Hay que transformar a la Liga Municipal Dominicana

La Liga Municipal Dominicana, institución gubernamental, de carácter descentralizada, creada mediante la Ley 49, de fecha 23 de diciembre de 1938, surgida en el marco de la dictadura de Trujillo, vuelve a ser un hecho político y social de discusión.  Cada 4 años, agentes de los partidos políticos discuten, debaten, se la buscan, negocian a ”quién le toca” la Liga Municipal Dominicana. No obstante, no se observan preocupaciones, propuestas, proyecciones, perspectivas y  preguntas sobre qué hacer para que funcione adecuadamente.

Hace décadas se viene demandando la transformación institucional de la Liga Municipal Dominicana. Esto no ha sido posible. No existen indicadores y resultados que así lo revelen.

El próximo 26 de enero 2016 se reúnen los alcaldes del país a seleccionar el nuevo secretario general. Algo atípico surgiría: autoridades municipales salientes el 16 de agosto 2016 elegirían autoridades entrantes el 26 de enero 2017. Lo ideal sería que la elección la hicieran las futuras autoridades municipales, que se juramentaría para el periodo 2016-2020. Dentro de ese ideal, considerar que en el ínterin de 12 meses (26 enero 2015-26 enero 2016), que pasarían para la selección de las nuevas autoridades, el Ministerio de Administración Pública (MAP) realice una evaluación de desempeño del personal y de la nómina de personal fijo y del pull de asesores, muchos de estos últimos miembros de los partidos políticos. Que el Ministerio de Economía, Planificación y Desarrollo (MEPyD) aporte soporte técnico para el diseño de su Plan Estratégico e integrar parte del presupuesto en el desarrollo de plan de Cohesión Territorial, y la Comisión Presidencial para la Reforma Municipal impulse la transformación de la LMD, mediante ley, en Instituto de Formación y Desarrollo Municipal.

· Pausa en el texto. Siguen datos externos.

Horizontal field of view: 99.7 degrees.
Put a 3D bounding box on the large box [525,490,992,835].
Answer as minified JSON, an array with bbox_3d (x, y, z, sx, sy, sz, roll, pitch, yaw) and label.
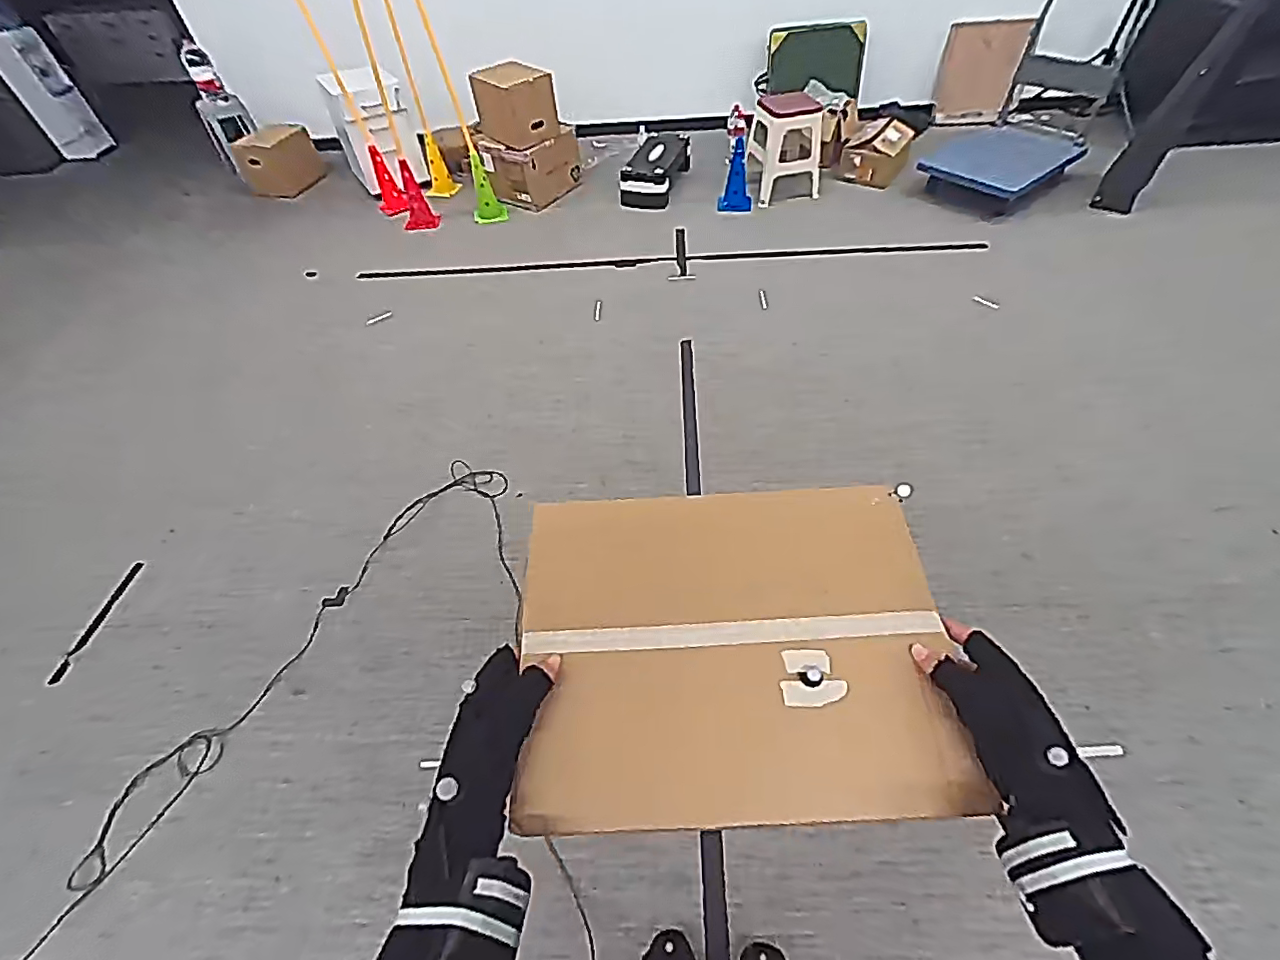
[{"bbox_3d":[0.095,0.232,0.656,0.408,0.320,0.320,-3,58,0],"label":"large box"}]

En el año 2012 ya habíamos escrito que la transformación de la Liga Municipal Dominicana estaría conectándose con una decisión arribada por la sociedad dominicana en la Cumbre por la Consolidación y Ampliación de la Gobernabilidad en el año 2009. En este escenario se decidió a unanimidad que la Liga sea convertida en el Instituto de Formación y Desarrollo Municipal, lo cual implicaría una estructura técnica-burocrática-profesionalizada y diferenciada del actual esquema. Una estructura que responda al modelo burocrático weberiano. También conduciría a la  definición de un presupuesto acorde con la demanda de asistencia técnica de los gobiernos locales o un presupuesto por programa, la concentración de apoyo técnico a los gobiernos locales o ayuntamientos con menor desarrollo institucional. Este modelo rompería de manera radical con la visión clientelista y patrimonialista con que se administra desde hace décadas.

Desde el año 2007 hasta el año 2015 la Liga Municipal Dominicana ha recibido aproximadamente 7 mil 300 millones de pesos. Ha de suponerse que con semejante cantidad de fondos pudieron alcanzarse o cumplirse con objetivos y resultados en la línea de la consolidación institucional de los ayuntamientos dominicanos y de la propia Liga. Con semejante cantidad de fondos los gobiernos locales de las provincias fronterizas podrían hacer una gran contribución a la disminución de la pobreza. Los municipios más pobres y ubicados en territorios con vocación turísticos serían fortalecidos en políticas de generación de empleos útiles. El Ministerio de Economía, Planificación y Desarrollo (MEPyD), lo sabe y podría montar en torno a estos fondos planes que conduzcan con el cumplimiento de objetivos, metas y resultados de la Ley 1-12 de Estrategia Nacional de Desarrollo.

La Liga Municipal Dominicana, debe, está compelida, está obligada, está en el deber público, tiene la responsabilidad social de cumplir con su papel o rol de ley, que es: ofrecer la más amplia asistencia técnica en favor de los municipios del país a fin de que propendan a una más alta calidad de la vida entre sus pobladores, al mejor ordenamiento social y al bien común. En contrario seguirá perdiendo  legitimidad y justificación de su existencia ante los contribuyentes que pagan su presupuesto.